Они шли, невольно толкая друг друга, так как с обеих сторон дорогу тесно сжали однообразные насыпи могил. Она слушала, опустив черные, широко расставленные глаза; лицо было бледнее обыкновенного, и волосы слегка растрепаны.
Субботин твердо продолжал:
— На его могиле я говорю: только тебя люблю и знаю, что ты меня любишь. Дай мне руку.
— Нет, — невнятно и скорбно ответила она и опустила голову, так что край английской шляпы прикрыл ее глаза; но вдруг остановилась, заволновавшись; лицо покрылось краской, она сделалась по земному злой, раздраженной, мстительной, точно обманутая горничная.
— Почему ты не ждал? Должен был ждать и не смел уйти на улицу в тот же день. Никогда больше не увижу тебя. Почему ты не ждал! Ты все погубил и потерял все.
— Лена! — в изумлении крикнул Субботин.
— Пошел к другой… к этой, чтобы унизить меня и показать, что из двоих ты выбрал ее. Ведь он знал все это, он знал! Ты не смел этого делать, если любил меня.
— Ты любила его, — сказал ей Нил, и у него перехватило дыхание.
— Теперь все равно. Давно ушла от вас обоих. Зачем писали мне и зачем говорили мне о том, чего не хотела слушать? Я умерла, меня нет.
— Неправда… Лена, неправда! — бессмысленно шептал Субботин.
— О чем нам говорить? Не о чем. Уйдите, я никогда вас не увижу. Боже, как все страшно!
Она заломила руки. Он видел, как нервно задергалась высокая белая шея; впоследствии вспомнил это, и ему показалось, что тонкая шея, вытянутая как у птички, уже тогда говорила о смерти.
Субботин тихо обнял девушку, утешая ее и себя.

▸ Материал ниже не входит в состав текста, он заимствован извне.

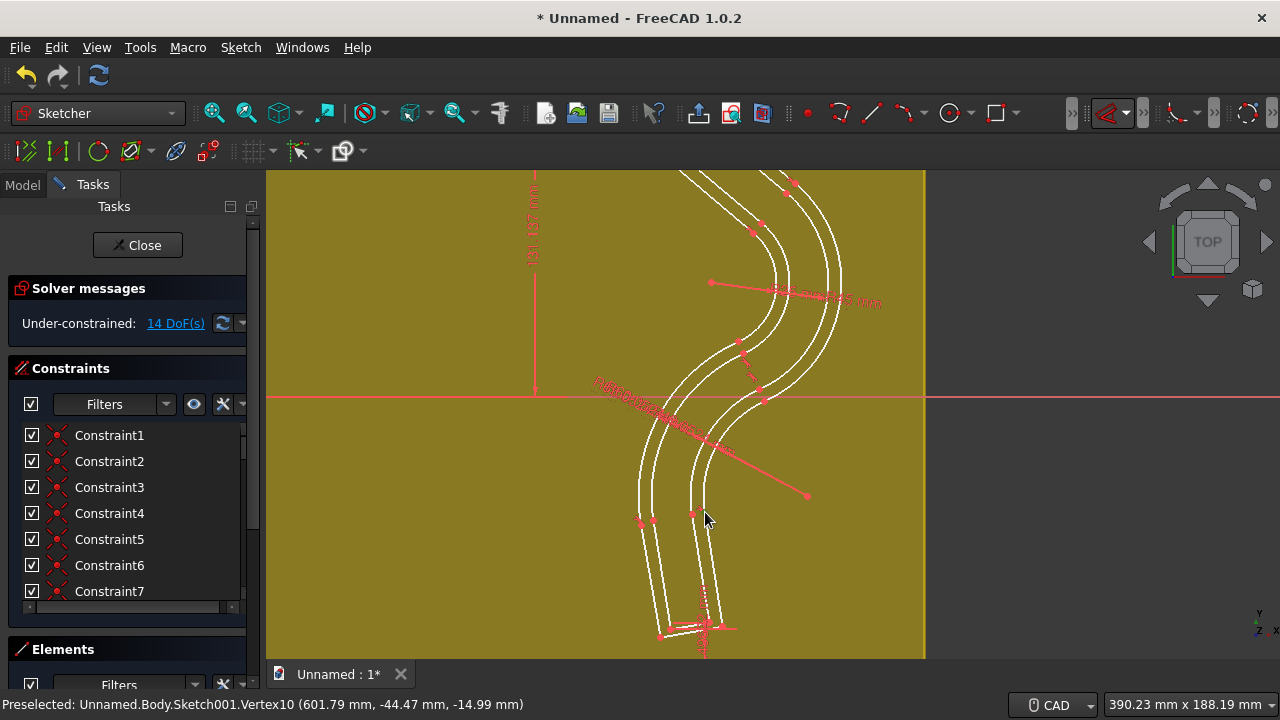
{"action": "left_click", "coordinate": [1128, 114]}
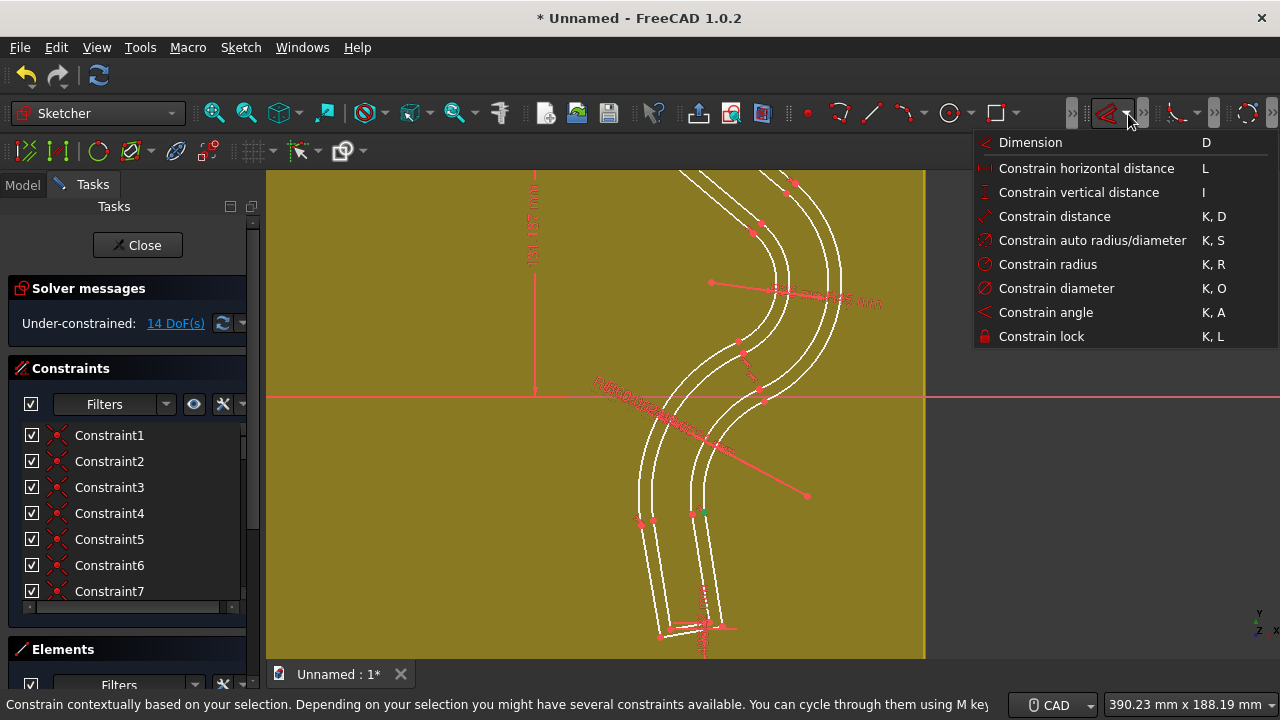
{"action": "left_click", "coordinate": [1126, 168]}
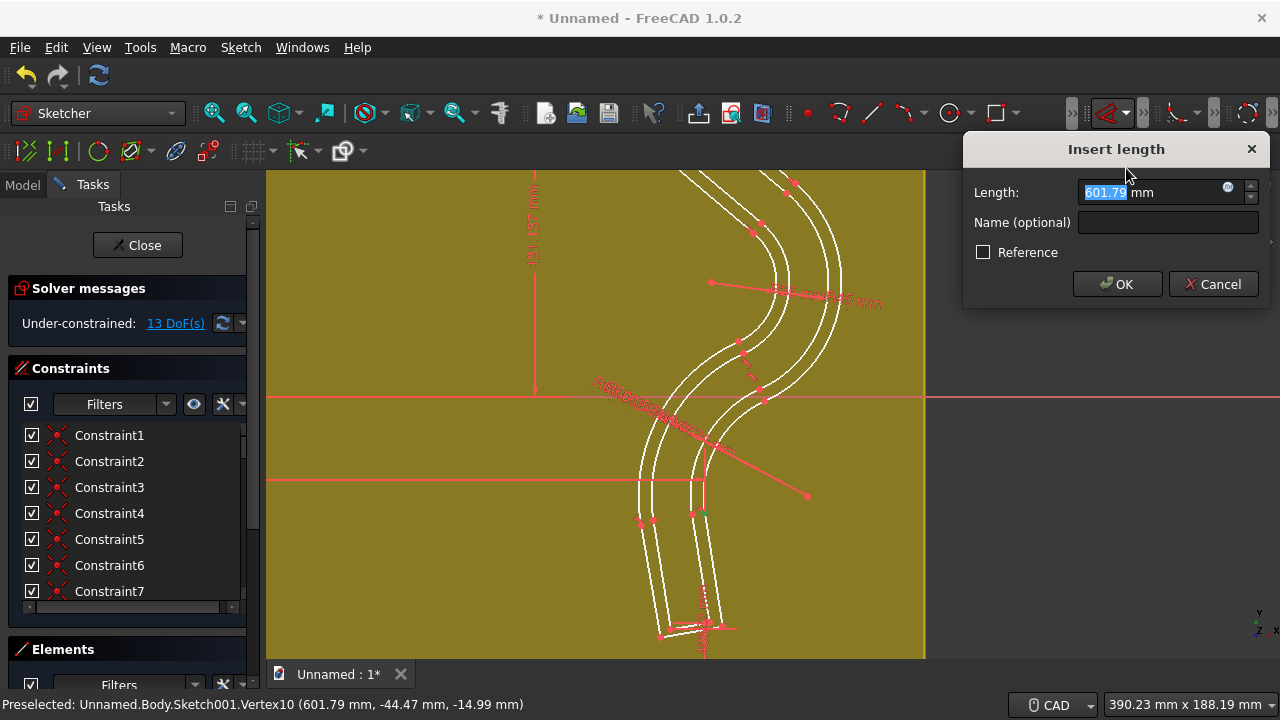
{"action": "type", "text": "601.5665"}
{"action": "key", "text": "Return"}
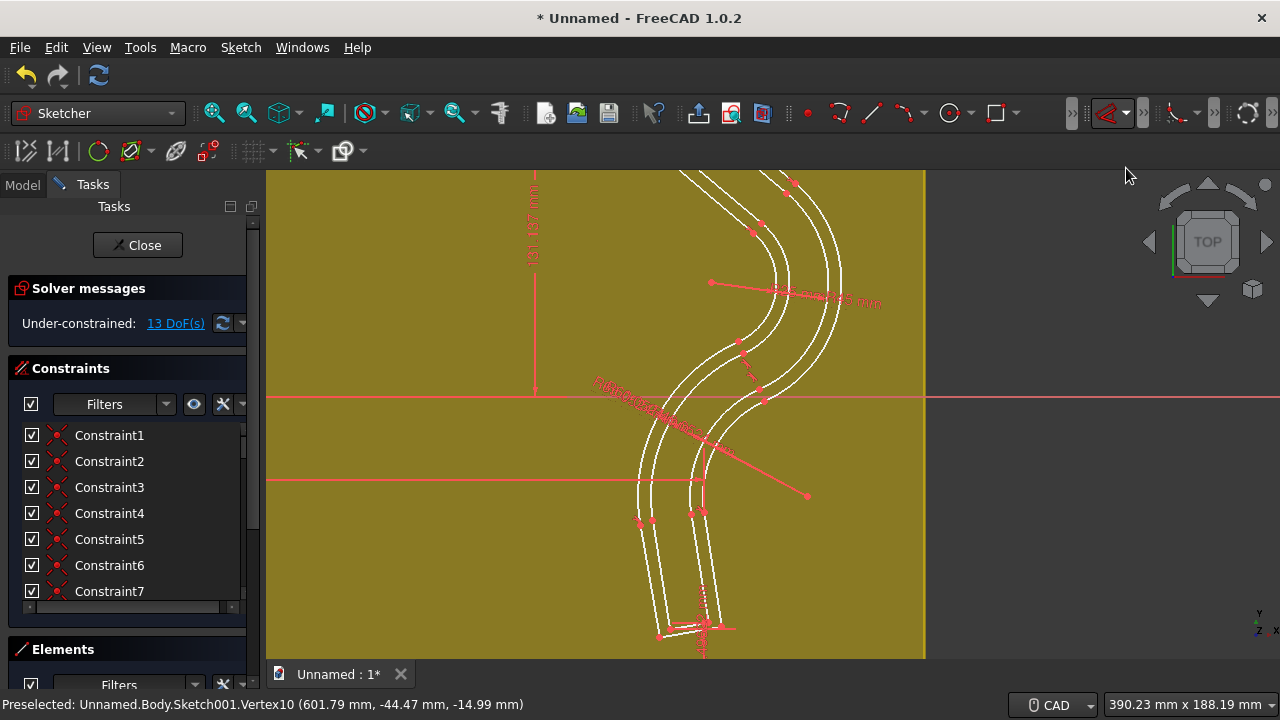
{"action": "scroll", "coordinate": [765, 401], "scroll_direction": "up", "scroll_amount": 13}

— Леночка, — говорил он, — видит Бог, не унижал тебя, и не хотел возвысить себя в твоих глазах. Я пошел к ней, потому что не мог иначе, потому что все были против нее.
— Нет, нет, — рыдая отвечала Лена. — Ты добрый.
— Я люблю только тебя, оттого она умерла.
— Не могу, — она вырвала свою руку. — Я должна закрыться, чтобы ты не смотрел на меня. Уйдите…
— Не могу уйти от тебя. Я умру.
— Нет, вы будете жить. Вы чужой. Долго будете жить.
Было что-то глубоко обидное в том, что она обещала ему долгую жизнь. Она овладела собою.
— Я хочу быть одна. Вы не смеете поднять на меня глаз.
Девушка ушла. Слезы и боль душили Субботина. Как не похож был их разговор на то, чего он ждал с тайной уверенностью в душе!.. Еще обаятельнее и желаннее была она, и еще страшнее утрата.